WORK INSTRUCTIONS: Restate word for word the line containing "val tonight = sleepDao.getTonight()" and all remaining lines of the entries below.

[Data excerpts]
..........

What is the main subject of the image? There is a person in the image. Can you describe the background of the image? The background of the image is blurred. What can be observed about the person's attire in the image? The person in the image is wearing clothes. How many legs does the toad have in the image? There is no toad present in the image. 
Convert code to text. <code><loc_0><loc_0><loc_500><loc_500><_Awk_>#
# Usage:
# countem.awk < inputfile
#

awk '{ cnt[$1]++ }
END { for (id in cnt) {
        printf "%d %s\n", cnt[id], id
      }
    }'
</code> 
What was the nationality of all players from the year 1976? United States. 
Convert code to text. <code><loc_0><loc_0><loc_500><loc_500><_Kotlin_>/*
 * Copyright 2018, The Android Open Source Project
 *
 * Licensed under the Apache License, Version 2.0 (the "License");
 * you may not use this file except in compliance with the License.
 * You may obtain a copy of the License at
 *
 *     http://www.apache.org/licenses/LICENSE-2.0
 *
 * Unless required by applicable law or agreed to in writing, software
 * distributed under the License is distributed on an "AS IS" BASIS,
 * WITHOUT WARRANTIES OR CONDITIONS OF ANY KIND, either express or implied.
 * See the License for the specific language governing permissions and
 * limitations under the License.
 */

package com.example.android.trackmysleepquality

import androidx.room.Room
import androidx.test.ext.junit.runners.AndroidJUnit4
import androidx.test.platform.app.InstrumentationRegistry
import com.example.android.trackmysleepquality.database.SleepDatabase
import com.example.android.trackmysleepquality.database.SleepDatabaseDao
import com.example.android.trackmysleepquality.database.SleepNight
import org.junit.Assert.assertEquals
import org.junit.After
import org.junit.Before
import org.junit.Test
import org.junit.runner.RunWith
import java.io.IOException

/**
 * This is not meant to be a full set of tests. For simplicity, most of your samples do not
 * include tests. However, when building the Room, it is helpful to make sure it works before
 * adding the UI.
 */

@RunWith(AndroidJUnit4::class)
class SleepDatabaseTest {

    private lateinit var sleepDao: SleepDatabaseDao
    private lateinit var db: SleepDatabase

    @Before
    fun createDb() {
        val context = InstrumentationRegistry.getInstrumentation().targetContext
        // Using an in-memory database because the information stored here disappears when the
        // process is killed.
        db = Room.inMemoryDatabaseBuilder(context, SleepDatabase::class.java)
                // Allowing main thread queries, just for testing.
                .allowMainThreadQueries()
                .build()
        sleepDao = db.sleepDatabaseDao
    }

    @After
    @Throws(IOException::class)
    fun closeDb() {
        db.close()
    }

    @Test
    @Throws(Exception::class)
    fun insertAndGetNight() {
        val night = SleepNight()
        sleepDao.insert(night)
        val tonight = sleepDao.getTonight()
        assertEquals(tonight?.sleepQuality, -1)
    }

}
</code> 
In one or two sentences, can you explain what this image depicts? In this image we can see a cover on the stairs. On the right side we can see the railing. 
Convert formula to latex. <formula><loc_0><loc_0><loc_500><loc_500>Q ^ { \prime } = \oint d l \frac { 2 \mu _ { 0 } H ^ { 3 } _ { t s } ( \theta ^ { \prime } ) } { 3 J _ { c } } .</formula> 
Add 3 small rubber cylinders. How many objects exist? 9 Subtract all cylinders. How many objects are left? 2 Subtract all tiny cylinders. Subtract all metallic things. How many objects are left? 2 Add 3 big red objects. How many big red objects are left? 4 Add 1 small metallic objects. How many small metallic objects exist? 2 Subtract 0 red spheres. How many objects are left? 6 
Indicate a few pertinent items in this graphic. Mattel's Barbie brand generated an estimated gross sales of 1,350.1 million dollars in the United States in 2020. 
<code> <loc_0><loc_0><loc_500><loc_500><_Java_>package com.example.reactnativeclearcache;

..........

ANSWER:
        val tonight = sleepDao.getTonight()
        assertEquals(tonight?.sleepQuality, -1)
    }

}
</code> 
In one or two sentences, can you explain what this image depicts? In this image we can see a cover on the stairs. On the right side we can see the railing. 
Convert formula to latex. <formula><loc_0><loc_0><loc_500><loc_500>Q ^ { \prime } = \oint d l \frac { 2 \mu _ { 0 } H ^ { 3 } _ { t s } ( \theta ^ { \prime } ) } { 3 J _ { c } } .</formula> 
Add 3 small rubber cylinders. How many objects exist? 9 Subtract all cylinders. How many objects are left? 2 Subtract all tiny cylinders. Subtract all metallic things. How many objects are left? 2 Add 3 big red objects. How many big red objects are left? 4 Add 1 small metallic objects. How many small metallic objects exist? 2 Subtract 0 red spheres. How many objects are left? 6 
Indicate a few pertinent items in this graphic. Mattel's Barbie brand generated an estimated gross sales of 1,350.1 million dollars in the United States in 2020. 
<code> <loc_0><loc_0><loc_500><loc_500><_Java_>package com.example.reactnativeclearcache;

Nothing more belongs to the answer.